Arturo Damm Arnal. *Esta columna expresa el punto de vista de su autor, no necesariamente de La Razón.
Arturo Damm Arnal. *Esta columna expresa el punto de vista de su autor, no necesariamente de La Razón. Foto: La Razón de México

“Nos falta crecer”, reconoció la presidenta Sheinbaum en su participación en la Convención Bancaria. Qué bueno que lo hizo, por todo lo que depende del crecimiento, comenzando por el bienestar, que es el fin de la economía: que la gente viva bien, que viva mejor. No puede haber bienestar sin crecimiento, y no puede haber mayor bienestar sin mayor crecimiento. Ello, para un gobierno que ha hecho del término bienestar una marca, debe ser importante.

El bienestar depende de la cantidad, calidad y variedad de los bienes y servicios de los que se dispone para la satisfacción de las necesidades, mismos que pueden obtenerse de dos maneras: por la generación personal de ingreso a través del trabajo, que es la que corresponde a la dignidad de la persona, o por la redistribución gubernamental del ingreso, con el gobierno quitándole a Juan una parte de lo que, por ser producto de su trabajo (su ingreso), es de él, para darle a Pedro lo que, por no ser producto de su trabajo (su ingreso), no es de él. En el primer caso el bienestar es el resultado del trabajo propio. En el segundo del trabajo de los demás, no porque Juan decida compartir parte de su ingreso con los demás, sino porque el gobierno lo obliga a compartirlo, lo cual es injusto, porque viola el derecho de propiedad privada, de Juan, al producto íntegro de su trabajo, de su ingreso.

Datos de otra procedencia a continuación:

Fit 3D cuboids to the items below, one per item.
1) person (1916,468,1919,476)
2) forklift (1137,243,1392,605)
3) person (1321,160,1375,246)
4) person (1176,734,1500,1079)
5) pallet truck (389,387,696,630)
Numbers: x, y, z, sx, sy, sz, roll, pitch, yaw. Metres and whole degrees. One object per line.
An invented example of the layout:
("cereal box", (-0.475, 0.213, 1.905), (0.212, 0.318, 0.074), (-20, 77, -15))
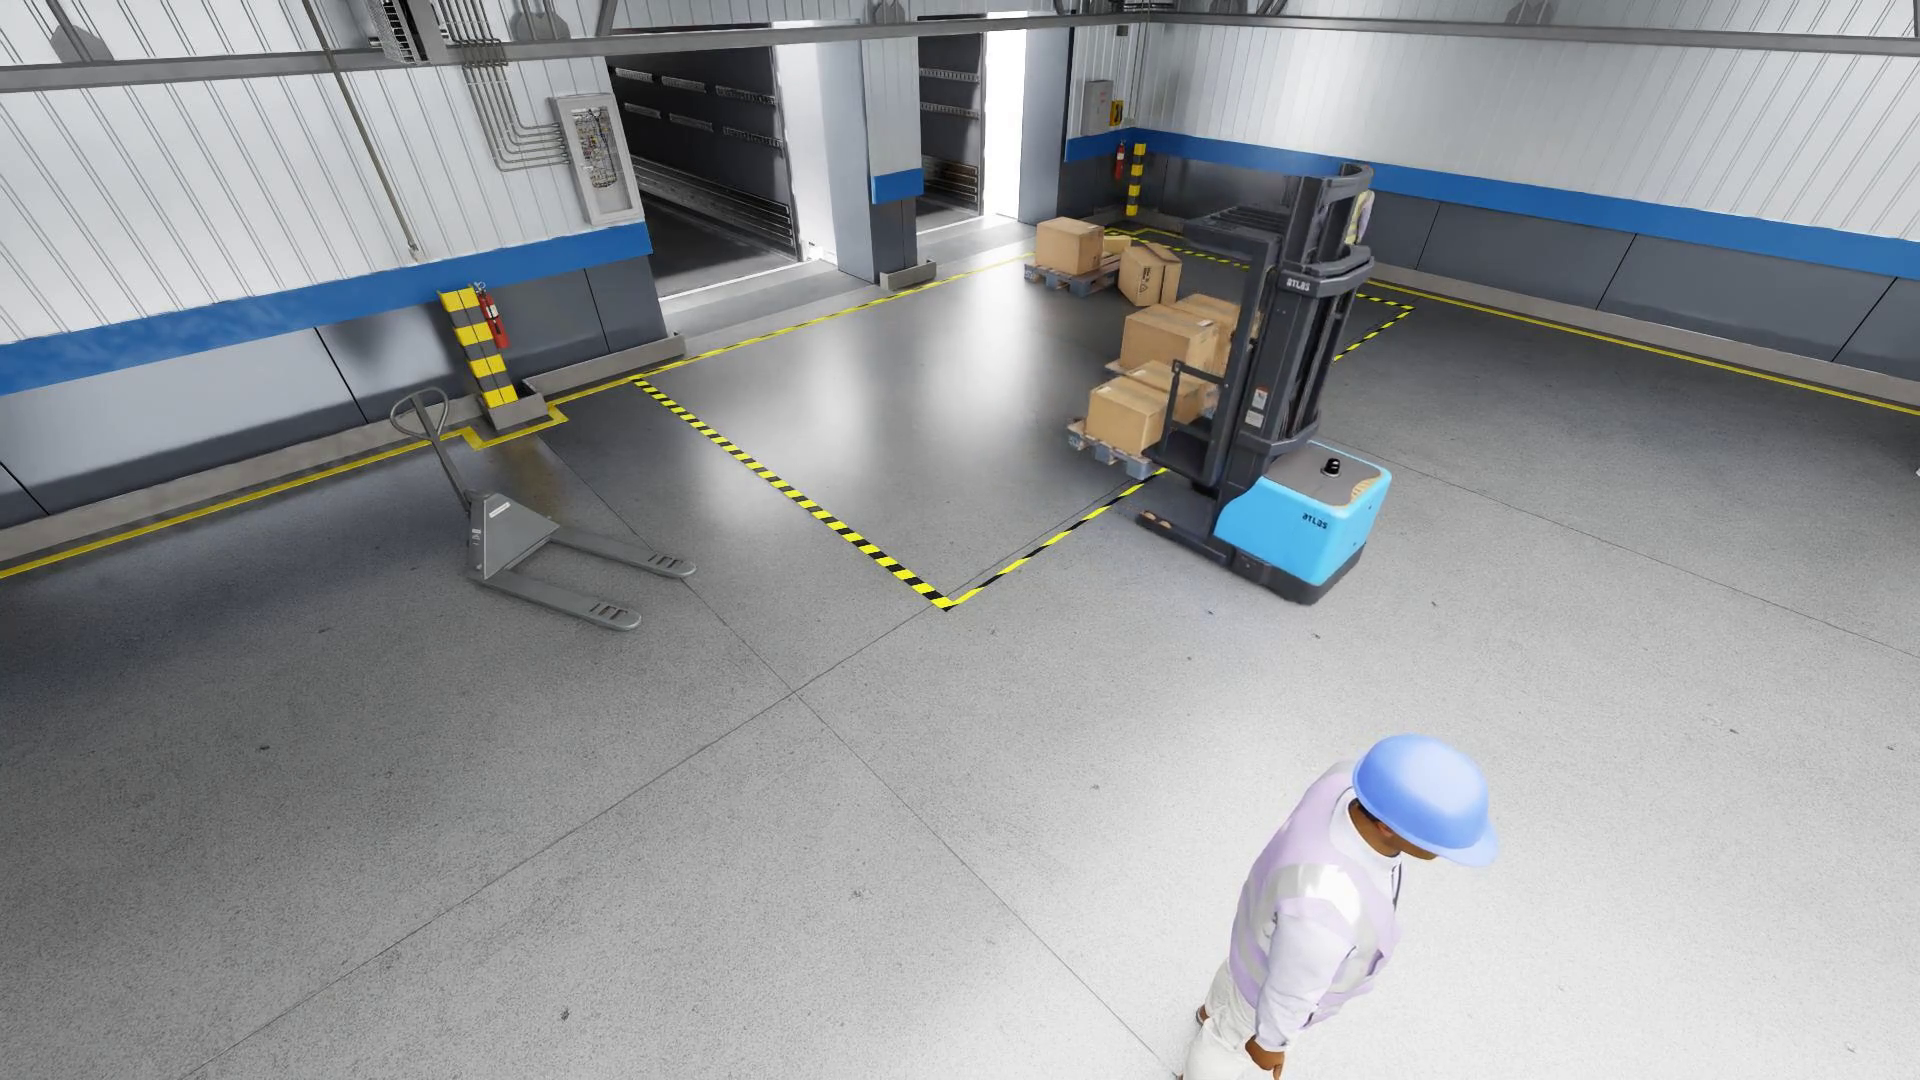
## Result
("person", (7.919, -1.151, 5.350), (0.492, 1.743, 0.295), (2, 38, 3))
("forklift", (2.169, -0.675, 4.490), (0.716, 2.013, 0.776), (-30, 47, -33))
("person", (4.290, -3.398, 8.341), (0.522, 1.638, 0.309), (9, 39, 12))
("person", (0.987, 1.207, 2.131), (0.391, 1.945, 0.613), (23, 43, 26))
("pallet truck", (-2.613, -0.247, 4.593), (1.601, 1.201, 0.680), (14, 40, 17))

Sea de la primera manera, o de la segunda, para lograr bienestar (fin inmediato de la economía), se necesita generar ingreso, y para conseguir mayor bienestar (fin mediato), se requiere generar más ingreso o, dicho de otra manera, que la economía crezca más.

El crecimiento de la economía se mide por la producción de bienes y servicios para el consumo final, el Producto Interno Bruto, PIB, que mide, en términos dinerarios, además de la producción de satisfactores, la generación de ingreso de parte de los agentes económicos que aportan factores de la producción a la producción de esos bienes y servicios. Todo lo que se produce genera, en términos dinerarios, un ingreso equivalente, de tal manera que el monto dinerario de la producción de bienes y servicios es igual al monto dinerario del ingreso (sueldos, salarios, honorarios, comisiones, etc.), generado por la misma.

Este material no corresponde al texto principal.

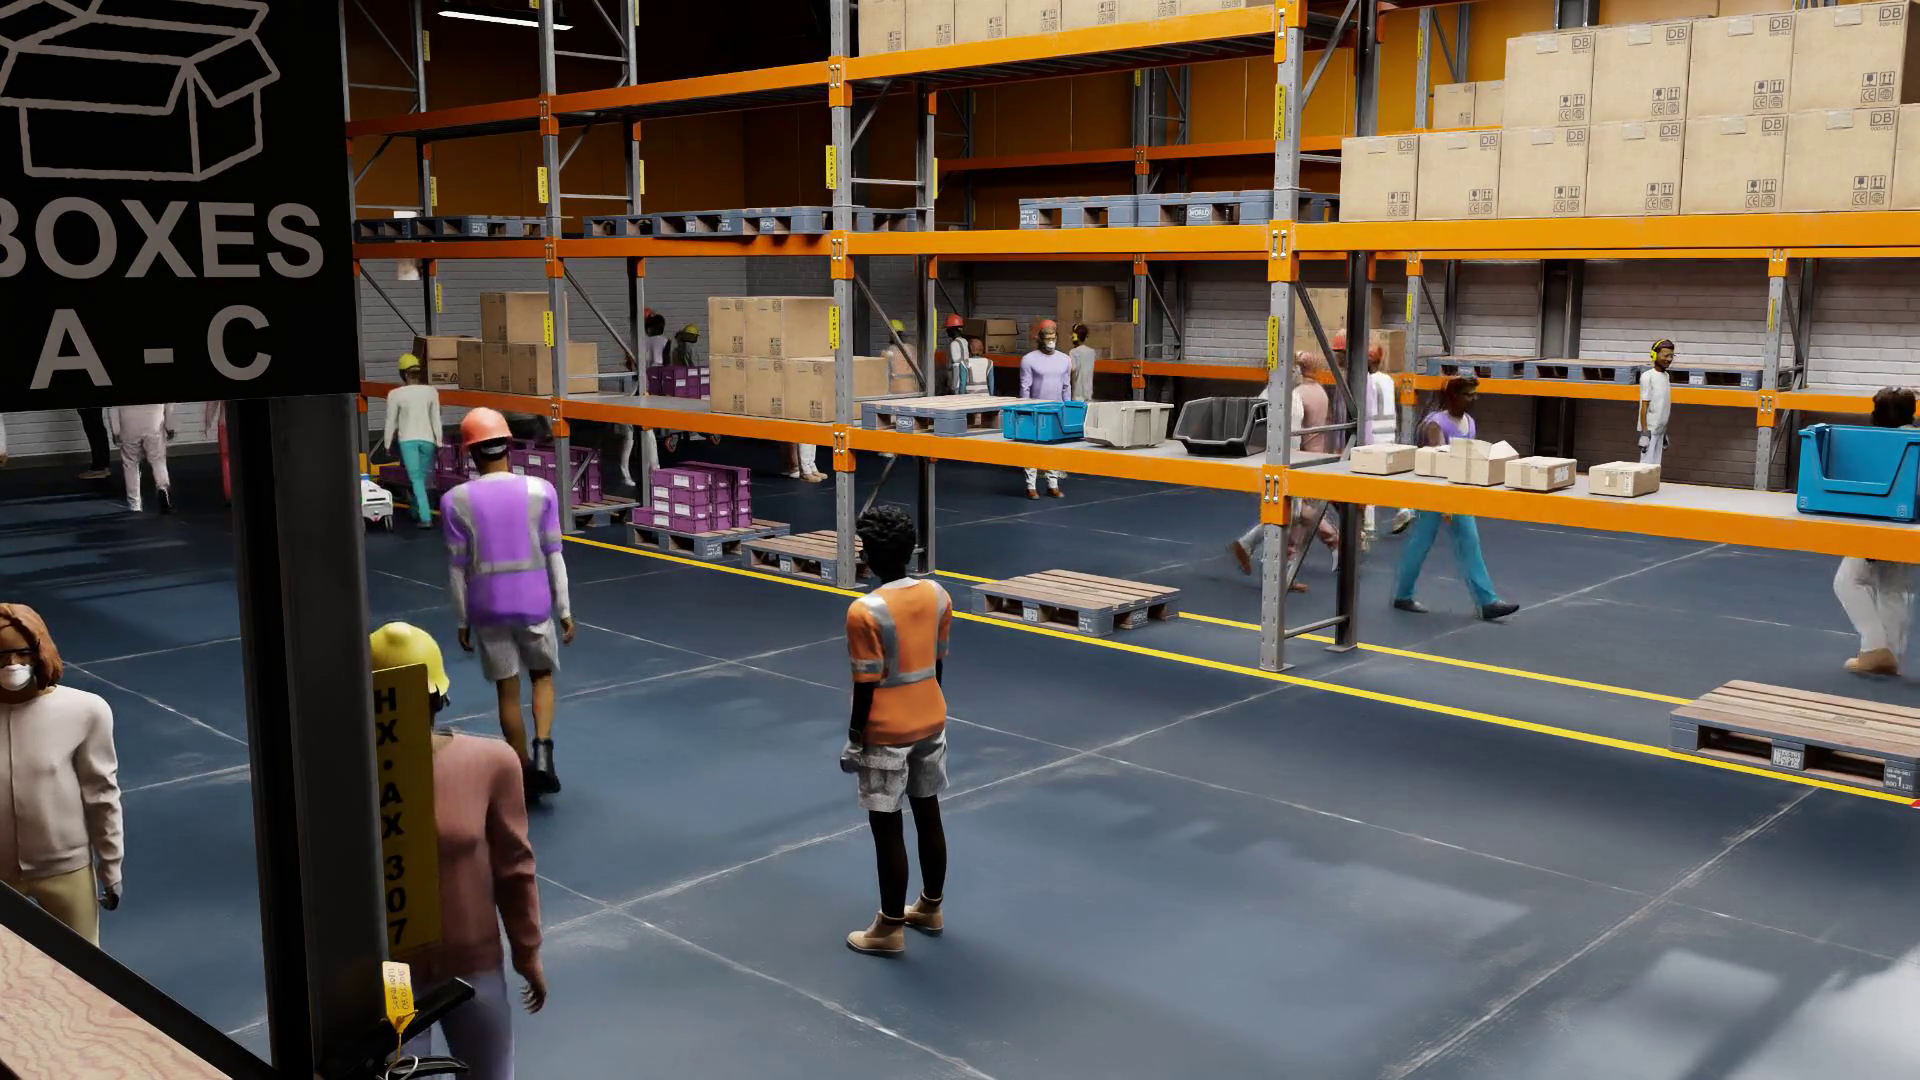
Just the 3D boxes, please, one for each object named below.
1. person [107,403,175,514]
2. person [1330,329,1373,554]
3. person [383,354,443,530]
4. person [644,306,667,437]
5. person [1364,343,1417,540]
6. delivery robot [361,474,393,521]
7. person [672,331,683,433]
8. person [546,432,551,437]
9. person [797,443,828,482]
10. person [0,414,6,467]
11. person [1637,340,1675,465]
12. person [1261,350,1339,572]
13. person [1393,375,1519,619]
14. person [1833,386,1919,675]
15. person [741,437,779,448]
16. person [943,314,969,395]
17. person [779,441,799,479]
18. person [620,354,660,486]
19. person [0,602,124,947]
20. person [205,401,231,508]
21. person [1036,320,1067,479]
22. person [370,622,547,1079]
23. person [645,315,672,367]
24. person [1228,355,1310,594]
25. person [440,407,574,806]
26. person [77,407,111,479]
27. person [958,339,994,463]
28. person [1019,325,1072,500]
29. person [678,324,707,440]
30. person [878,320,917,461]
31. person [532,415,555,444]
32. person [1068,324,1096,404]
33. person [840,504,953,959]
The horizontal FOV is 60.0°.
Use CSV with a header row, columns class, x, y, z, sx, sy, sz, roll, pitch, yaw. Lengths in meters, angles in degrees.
class,x,y,z,sx,sy,sz,roll,pitch,yaw
person,-8.511,-1.189,17.318,0.648,1.873,0.839,-7,11,-35
person,3.478,-0.872,14.894,0.433,2.027,0.623,6,11,32
person,-5.436,-0.976,16.500,0.540,1.717,0.916,-9,13,-43
person,-4.686,-2.559,25.333,0.850,2.018,0.615,3,10,16
person,3.976,-0.918,15.668,0.541,1.867,0.614,7,12,37
delivery robot,-5.819,-0.404,16.248,0.477,0.478,0.707,-7,12,-37
person,-4.219,-2.400,25.550,0.514,1.605,0.567,8,12,40
person,-6.385,-2.527,25.582,0.665,1.862,0.833,1,9,3
person,-1.800,-1.623,20.072,0.429,1.842,0.634,2,9,10
person,-9.341,-0.878,15.661,0.604,1.795,0.910,-7,12,-38
person,6.903,-1.054,16.520,0.535,1.862,0.313,-9,13,-44
person,2.948,-0.658,14.065,0.794,1.884,0.654,6,11,32
person,3.615,-0.309,12.172,0.586,1.787,0.989,-8,12,-40
person,5.794,-0.046,10.432,0.652,1.831,0.462,-8,12,-42
person,-2.765,-2.247,23.788,0.549,1.893,1.006,-7,12,-39
person,-0.066,-2.172,23.151,0.377,1.932,0.552,2,10,15
person,-2.026,-1.709,20.401,0.401,1.910,0.642,-4,10,-23
person,-3.706,-1.410,19.467,0.768,1.597,0.530,5,10,26
person,-2.686,0.976,4.810,0.493,1.625,0.281,-4,10,-25
person,-7.859,-1.229,18.012,0.581,1.723,0.835,-3,10,-19
person,1.070,-1.709,20.296,0.393,1.948,0.721,-2,9,-10
person,-1.321,1.030,4.085,0.537,1.746,0.650,-5,11,-29
person,-4.629,-2.454,25.092,0.599,1.881,0.903,4,10,25
person,2.478,-0.546,13.249,0.690,1.917,0.634,7,12,37
person,-2.146,0.324,7.910,0.582,1.909,0.457,-3,10,-17
person,-10.681,-1.744,20.354,0.392,1.990,0.614,-2,9,-11
person,0.215,-1.844,22.047,0.518,1.638,0.315,-4,10,-24
person,0.962,-1.416,18.506,0.629,1.939,0.372,-4,10,-22
person,-4.029,-2.363,24.933,0.311,1.736,0.483,-7,12,-37
person,-0.797,-2.007,22.297,0.583,1.887,0.913,-5,11,-29
person,-5.058,-1.608,20.689,0.763,1.593,0.602,-1,9,-5
person,1.509,-1.883,21.649,0.560,1.840,0.788,-8,12,-39
person,-0.239,0.711,6.219,0.321,1.692,0.529,7,12,38

En 2022 el PIB, y por lo tanto la producción de bienes y servicios para el consumo final, y con ella la generación de ingreso, creció 3.73%. En 2023 creció menos, 3.15%. En 2024 nuevamente menos, 1.13%. En 2025 de nuevo menos, 0.78%. Menor crecimiento de la economía = menor crecimiento de la producción de bienes y servicios = menor crecimiento de la generación de ingreso = menor aumento del bienestar, en un país en el cual el 30% de la población (prácticamente uno de cada tres mexicanos), sobrevive en condiciones de pobreza.

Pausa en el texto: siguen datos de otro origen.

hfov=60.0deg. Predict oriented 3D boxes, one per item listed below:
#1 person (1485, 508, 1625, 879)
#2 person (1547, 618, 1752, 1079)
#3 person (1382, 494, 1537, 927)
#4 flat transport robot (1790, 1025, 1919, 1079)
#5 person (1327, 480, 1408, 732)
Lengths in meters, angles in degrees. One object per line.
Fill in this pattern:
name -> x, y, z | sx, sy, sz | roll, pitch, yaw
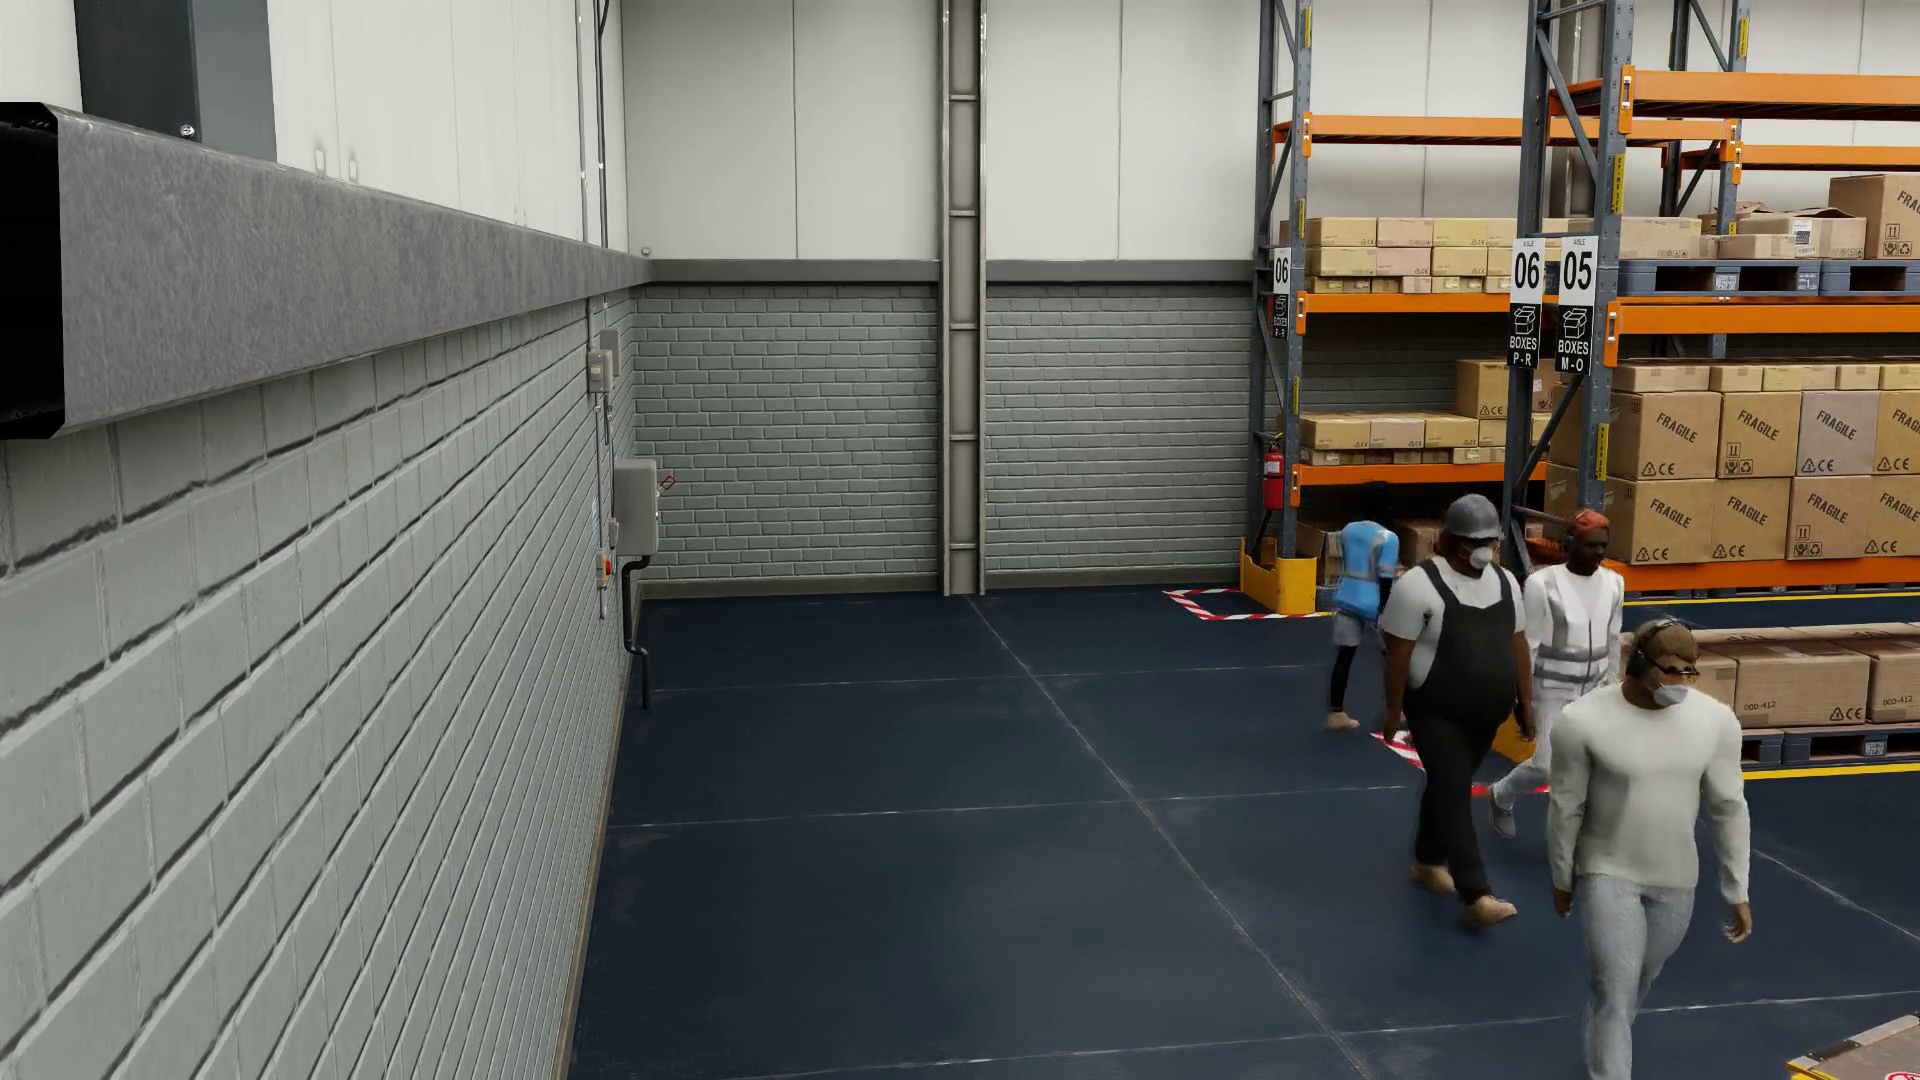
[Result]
person -> 3.031, 0.744, 8.455 | 0.587, 1.864, 0.619 | -3, 10, -17
person -> 2.355, 1.169, 5.796 | 0.628, 1.886, 0.975 | 0, 9, -2
person -> 2.419, 0.763, 7.789 | 0.709, 2.000, 0.974 | -4, 10, -23
flat transport robot -> 3.486, 1.956, 5.875 | 1.431, 0.197, 0.652 | -5, 11, -30
person -> 2.760, 0.430, 10.977 | 0.796, 1.662, 0.540 | -6, 11, -31

¿Condición necesaria para elevar el bienestar? Que crezca más la generación de ingreso o, dicho de otra manera, que crezca más la producción de bienes y servicios para el consumo final o, dicho de otra forma, que crezca más la economía. ¿Problema? El inmediato: sumamos tres años (2023, 2024 y 2025), con un crecimiento cada vez menor (3.15%, 1.13% y 0.78%). El mediato: sumamos 44 años (de 1982 a 2025), de crecimiento insuficiente (2.07%, en promedio anual).

Sí, debemos crecer más, mucho más. ¿Cómo conseguirlo?

Continuará.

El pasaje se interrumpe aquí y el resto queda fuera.